2016-07-25

newsletter update 2016-07

Synecdoche

Been absent from newsletter feeds for a year plus. During that time, several POVs changed markedly. Home: relocated from the shadows of the new Google X building …  to a rural part of Russian River Valley. Work: swapped more than an hour commute up to a SF tech start-up … for a 20 min bike ride to O’Reilly Media. Plus a few other priorities. While the newsletter name changes, its themes carry forward. Plus a few other priorities. I’ll cover: conference summaries, open source projects, interesting news items, recommendations … data science, machine learning, advanced math, sustainable ag, art, travel, artisan foods, cider, flying cars, etc. Albeit running in slightly different circles and casting a wider net.

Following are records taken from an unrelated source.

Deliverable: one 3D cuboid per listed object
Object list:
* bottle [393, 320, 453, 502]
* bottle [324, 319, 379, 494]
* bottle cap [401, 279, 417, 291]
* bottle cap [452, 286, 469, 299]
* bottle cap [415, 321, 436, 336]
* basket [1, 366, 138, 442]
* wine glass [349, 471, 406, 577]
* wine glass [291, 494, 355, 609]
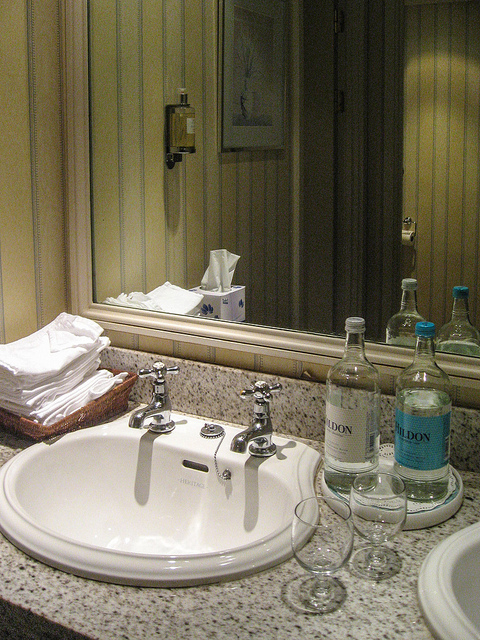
[{"bbox_3d":[0.241,0.142,0.714,0.074,0.193,0.079,-1,10,0],"label":"bottle"},{"bbox_3d":[0.156,0.115,0.748,0.076,0.240,0.299,1,11,15],"label":"bottle"},{"bbox_3d":[0.269,-0.058,0.854,0.016,0.013,0.017,0,3,-32],"label":"bottle cap"},{"bbox_3d":[0.335,-0.043,0.816,0.016,0.013,0.018,-3,4,9],"label":"bottle cap"},{"bbox_3d":[0.240,0.006,0.694,0.021,0.015,0.022,1,9,3],"label":"bottle cap"},{"bbox_3d":[-0.305,0.169,0.994,0.124,0.040,0.135,10,20,33],"label":"basket"},{"bbox_3d":[0.166,0.244,0.625,0.064,0.124,0.074,0,2,-10],"label":"wine glass"},{"bbox_3d":[0.077,0.259,0.609,0.069,0.126,0.080,0,13,2],"label":"wine glass"}]
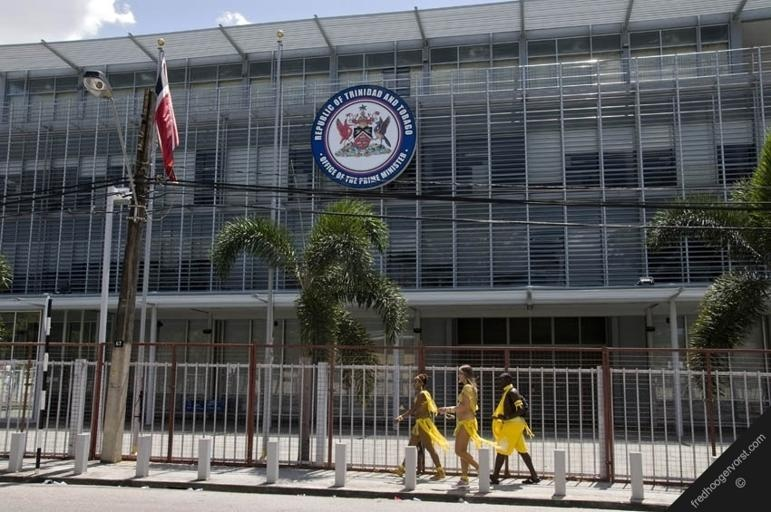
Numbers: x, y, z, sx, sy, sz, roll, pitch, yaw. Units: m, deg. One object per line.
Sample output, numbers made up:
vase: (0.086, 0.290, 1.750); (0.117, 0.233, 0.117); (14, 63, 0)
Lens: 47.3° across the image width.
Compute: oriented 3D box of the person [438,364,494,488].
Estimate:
person: (2.076, 4.318, 22.643); (1.015, 3.121, 1.228); (-1, -18, 3)

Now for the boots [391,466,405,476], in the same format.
boots: (0.383, 5.616, 23.086); (0.297, 0.114, 0.319); (2, -3, -7)

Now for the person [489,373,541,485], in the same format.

Changing POVs: new “backyard” has less actuators, more pollinators
Changing POVs: new “backyard” has less actuators, more pollinators

Confs

Been trying to keep pace with our 20+ tech conferences each year. Lots of travel, lots of interesting people and insights into their projects. Some upcoming:
De Pijp in Amsterdam during Scala Days 2015
De Pijp in Amsterdam during Scala Days 2015
Strata EU 2016, 31 May - 03 Jun. Venue moved to the much larger ExCel London space and that afforded an expanse of incredible people, tech innovations, data insights, etc. Also, it proved to be a good base of operations for exploring two recent interests regarding London: connectography and cider. More about both in a moment :)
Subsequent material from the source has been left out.